Documents provided to the CRA

  1. To “provide records or documents” means to supply such information to an individual. For clarity, “provide” means the documents have to be delivered to and received at a CRA office and does not mean “made available.”
  2. Auditors must respond to the taxpayer once the contemporaneous documentation has been provided. This will be done by issuing an acknowledgement letter. The sole purpose of the acknowledgement letter is to confirm that records or documents have been provided to the CRA. This letter is not in any way a confirmation to the taxpayer that they made reasonable efforts to determine and use arm’s length transfer prices or allocations.
  3. Where the CRA previously requested contemporaneous documentation relevant to transactions entered into in a prior year, and such documentation was provided, it should not be provided again if it is relevant to a current request. However, a request for contemporaneous documentation must still be issued and the documentation must be specifically referenced and described in a written response from the taxpayer to the auditor, within three months after the current request is served.
  4. Documentation provided to the CRA under different circumstances or obligations (such as documentation provided with an APA submission or in a return) is not considered documentation previously provided to the CRA for the purposes of the current request for contemporaneous documentation.
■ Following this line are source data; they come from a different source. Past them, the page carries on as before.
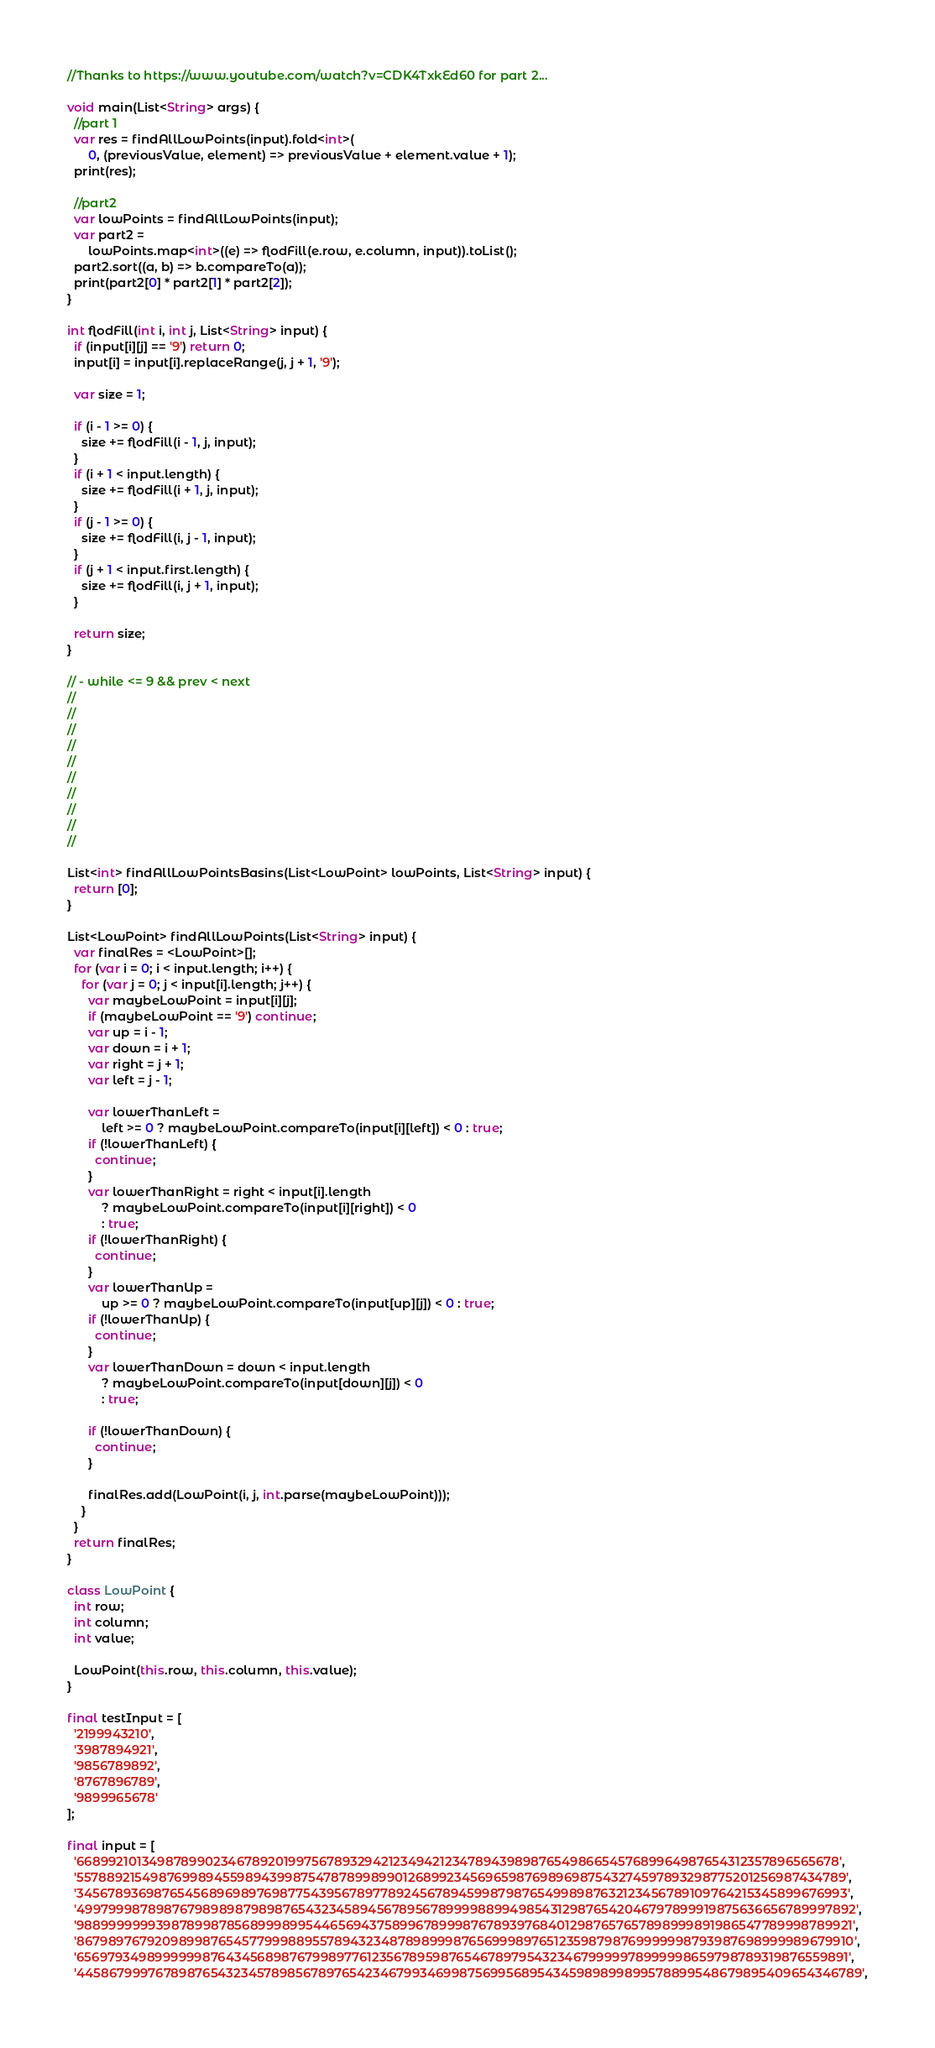Convert code to text. <code><loc_0><loc_0><loc_500><loc_500><_Dart_>//Thanks to https://www.youtube.com/watch?v=CDK4TxkEd60 for part 2...

void main(List<String> args) {
  //part 1
  var res = findAllLowPoints(input).fold<int>(
      0, (previousValue, element) => previousValue + element.value + 1);
  print(res);

  //part2
  var lowPoints = findAllLowPoints(input);
  var part2 =
      lowPoints.map<int>((e) => flodFill(e.row, e.column, input)).toList();
  part2.sort((a, b) => b.compareTo(a));
  print(part2[0] * part2[1] * part2[2]);
}

int flodFill(int i, int j, List<String> input) {
  if (input[i][j] == '9') return 0;
  input[i] = input[i].replaceRange(j, j + 1, '9');

  var size = 1;

  if (i - 1 >= 0) {
    size += flodFill(i - 1, j, input);
  }
  if (i + 1 < input.length) {
    size += flodFill(i + 1, j, input);
  }
  if (j - 1 >= 0) {
    size += flodFill(i, j - 1, input);
  }
  if (j + 1 < input.first.length) {
    size += flodFill(i, j + 1, input);
  }

  return size;
}

// - while <= 9 && prev < next
//
//
//
//
//
//
//
//
//
//

List<int> findAllLowPointsBasins(List<LowPoint> lowPoints, List<String> input) {
  return [0];
}

List<LowPoint> findAllLowPoints(List<String> input) {
  var finalRes = <LowPoint>[];
  for (var i = 0; i < input.length; i++) {
    for (var j = 0; j < input[i].length; j++) {
      var maybeLowPoint = input[i][j];
      if (maybeLowPoint == '9') continue;
      var up = i - 1;
      var down = i + 1;
      var right = j + 1;
      var left = j - 1;

      var lowerThanLeft =
          left >= 0 ? maybeLowPoint.compareTo(input[i][left]) < 0 : true;
      if (!lowerThanLeft) {
        continue;
      }
      var lowerThanRight = right < input[i].length
          ? maybeLowPoint.compareTo(input[i][right]) < 0
          : true;
      if (!lowerThanRight) {
        continue;
      }
      var lowerThanUp =
          up >= 0 ? maybeLowPoint.compareTo(input[up][j]) < 0 : true;
      if (!lowerThanUp) {
        continue;
      }
      var lowerThanDown = down < input.length
          ? maybeLowPoint.compareTo(input[down][j]) < 0
          : true;

      if (!lowerThanDown) {
        continue;
      }

      finalRes.add(LowPoint(i, j, int.parse(maybeLowPoint)));
    }
  }
  return finalRes;
}

class LowPoint {
  int row;
  int column;
  int value;

  LowPoint(this.row, this.column, this.value);
}

final testInput = [
  '2199943210',
  '3987894921',
  '9856789892',
  '8767896789',
  '9899965678'
];

final input = [
  '6689921013498789902346789201997567893294212349421234789439898765498665457689964987654312357896565678',
  '5578892154987699894559894399875478789989901268992345696598769896987543274597893298775201256987434789',
  '3456789369876545689698976987754395678977892456789459987987654998987632123456789109764215345899676993',
  '4997999878987679898987989876543234589456789567899998899498543129876542046797899919875636656789997892',
  '9889999999398789987856899989954465694375899678999876789397684012987657657898999891986547789998789921',
  '8679897679209899876545779998895578943234878989998765699989765123598798769999998793987698999989679910',
  '6569793498999999876434568987679989776123567895987654678979543234679999978999998659798789319876559891',
  '4458679997678987654323457898567897654234679934699875699568954345989899899578899548679895409654346789',</code> 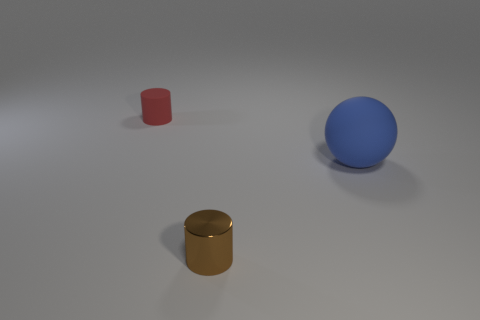Is there any other thing that has the same size as the sphere?
Your answer should be compact. No. There is a tiny cylinder in front of the matte object right of the cylinder to the right of the red rubber cylinder; what is it made of?
Provide a succinct answer. Metal. Does the small thing that is in front of the small matte cylinder have the same shape as the tiny red matte object?
Offer a terse response. Yes. There is a tiny object that is in front of the blue sphere; what is it made of?
Offer a very short reply. Metal. What number of matte objects are either small cubes or big balls?
Keep it short and to the point. 1. Is there a matte cylinder that has the same size as the brown thing?
Your answer should be very brief. Yes. Are there more rubber objects right of the brown metal object than yellow metal objects?
Offer a very short reply. Yes. What number of big objects are either purple spheres or red matte cylinders?
Your answer should be compact. 0. What number of blue rubber objects are the same shape as the brown shiny object?
Ensure brevity in your answer.  0. What is the material of the small cylinder in front of the small object that is behind the big blue thing?
Provide a short and direct response. Metal. 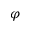Convert formula to latex. <formula><loc_0><loc_0><loc_500><loc_500>\varphi</formula> 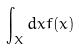Convert formula to latex. <formula><loc_0><loc_0><loc_500><loc_500>\int _ { X } d x f ( x )</formula> 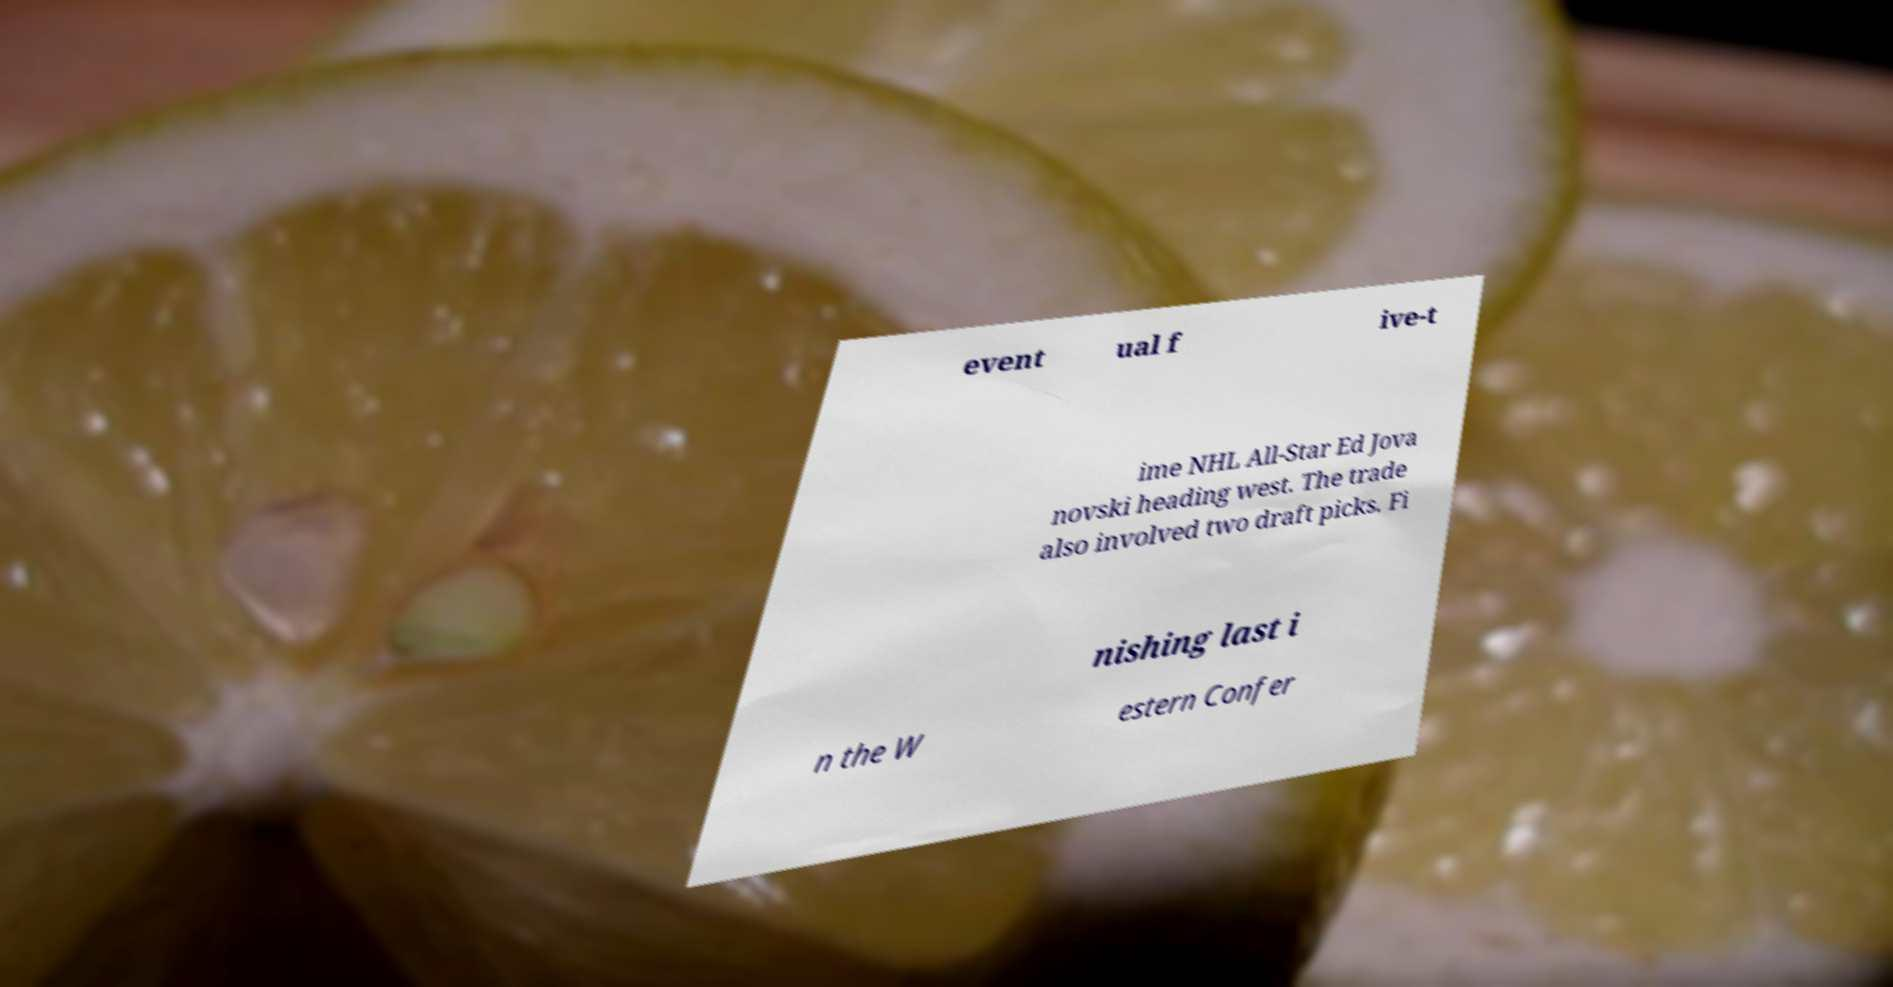Can you accurately transcribe the text from the provided image for me? event ual f ive-t ime NHL All-Star Ed Jova novski heading west. The trade also involved two draft picks. Fi nishing last i n the W estern Confer 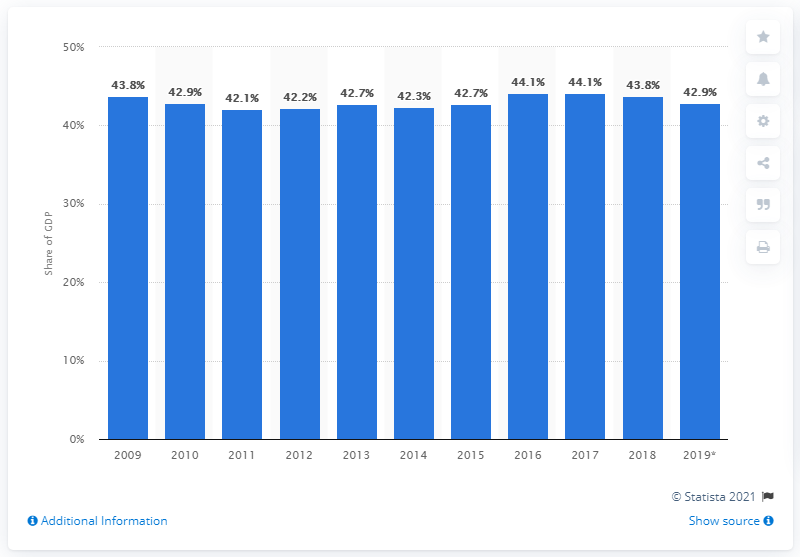Identify some key points in this picture. The tax ratio in Sweden in 2019 was 42.9%.

However, the CRA does not need the documentation to be provided again, as long as it is specifically referenced and described in a response from the taxpayer to the auditor, within three months after the current request is served.
  5. In both the above situations, the written response from the taxpayer to the current request must state the name of the CRA official (or area) to which the previously requested documentation was provided and the date on which it was provided. If these conditions are met and the documentation does exist, it will then be considered to have been provided within three months after the request for contemporaneous documentation was served.
  6. In accordance with paragraph 247(4)(b) of the Act, taxpayers are still responsible for providing updates made to any contemporaneous documentation they previously submitted with respect to prior audit years. If there have been no material changes, taxpayers must still respond within the three-month period stating that there have been no material changes and give the reasons that support this position.

Reasonable efforts

  1. The contemporaneous documentation referred to in subsection 247(4) of the Act is not an exhaustive list of records and documents required to substantiate that a taxpayer’s transfer pricing complies with the arm’s length principle or that a taxpayer has made reasonable efforts to determine and use arm’s length transfer prices or allocations.Footnote 6 
  2. The TPRC has the mandate of determining whether reasonable efforts have been made. The TPRC bases the determination of reasonable efforts on the facts and circumstances of the taxpayer’s situation. Whether additional documentation is required will depend on the facts and circumstances of the particular transactions under review and, as a result, further requests for information could be made.Footnote 7

Conclusion

  1. The Act is specific as to the requirements regarding contemporaneous documentation. The onus is on the taxpayer to maintain such documentation and provide it to the CRA as requested. Taxpayers must respond to all requests for contemporaneous documentation, even if the information has already been provided to the CRA under different circumstances or obligations.